SPEAKER_01:Yeah, it's I mean, thank you. I think very well put, and I broadly agree with with almost all of that. I think this point around the use case, or it's a bit of business jargon, but being quite fragmented, it's it seems like you know, a lot of the SARS models work very well where you've got a very distinct singular use case. Like so it's what it is. I you know, I I need to farm a tax return in the UK, and there are only so many variations of that, and we'll help you do it very, very efficiently. Whereas I think, as we know in the insight sector, the clue's in the word, in that the client, if you're genuinely an insight business, then looking for specific insight that helps them as a business. And that's quite difficult to scale. It's not to say you can't use technology in a smart way, clearly you're doing it, but it doesn't necessarily fit the models that I think a lot of the VC firms in particular would be looking to perpetuate. You know, well, you've got to have these investments that will return their fund and so on and so on.
SPEAKER_00:Yeah, I mean that you know the the the pitch is always seems to be the same. You know, look at all these research companies working in antiquated ways, they've got all these research people. If you get a piece of software to do that, you know, you don't need to pay for all these people. But you know, you take all those researchers away and you replace them by dev people, you replace them by sales people, you replace them by customer success people, and then you find out there's not enough actual insight expertise within the business in order to be able to talk the same language of um the clients, and therefore, you know, these businesses that you know they they went in being led by tech people who didn't understand what these layers were actually doing. And so they they bring in more layers of people to bring in that expertise, and suddenly the whole thing supported by a cost base that's bigger than the one was on the traditional model in the first place, and they've got no route to profitability. So what we found is that you know, whilst whilst the investment money is flowing in, they can afford to support all these people and and the revenue can be going up. And at some point they said, now we've got to move towards breakeven and profitability. So if the revenues aren't going fast enough, then they they cut the people, and if they cut the people, the revenues start to fall as well. And they they it's not finding that equilibrium. You know, I tried to share some numbers that sort of demonstrate that. Those those weren't complete numbers, but um I've I've yet I've yet to find the numbers that prove that any of these businesses have got to really sensible levels of profit that you'd expect given the investments that have happened and the revenues they've got.

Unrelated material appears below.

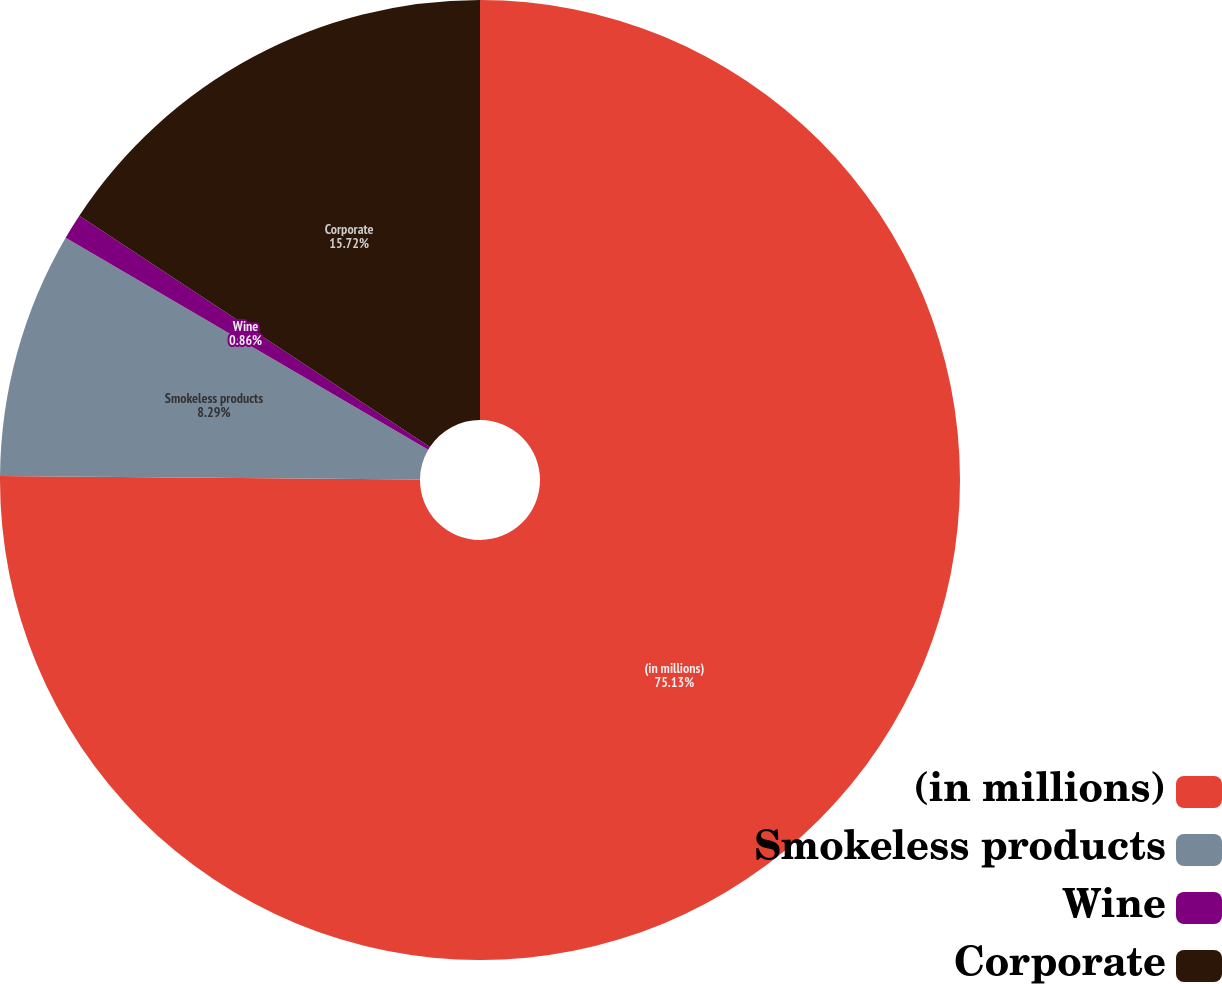Convert chart. <chart><loc_0><loc_0><loc_500><loc_500><pie_chart><fcel>(in millions)<fcel>Smokeless products<fcel>Wine<fcel>Corporate<nl><fcel>75.14%<fcel>8.29%<fcel>0.86%<fcel>15.72%<nl></chart>

SPEAKER_01:Do you mean that to be a bit more specific on Introduction? Do you mean SARS, SARS for insight or whatever one would call it, like you know, research as a service, those types of businesses? Because I think there are plenty of others that are profitable and have been consistently so, but they may be more traditional agencies. Oh, absolutely.
SPEAKER_00:I'm talking about I'm talking about companies that have run the classic BCMP self-serve software playbook, you know, and and then manage to turn that into a large-scale business that can deliver the type of profits that make up for the investment that's gone in and therefore is is is at the profit level that you'd expect for the kind of revenues. Um and and I really hope that it it can be successful because that makes it sustainable for the industry. So the reason, you know, the reason I'm saying this is you want to find sustainable solutions for the industry, otherwise the the funding runs out, and these these these companies, you know, they they aren't able to continue in the same form, and it's it's not good for the industry. They've spent 10 years sucking out the oxygen and then then they can't deliver what what they're supposed to deliver.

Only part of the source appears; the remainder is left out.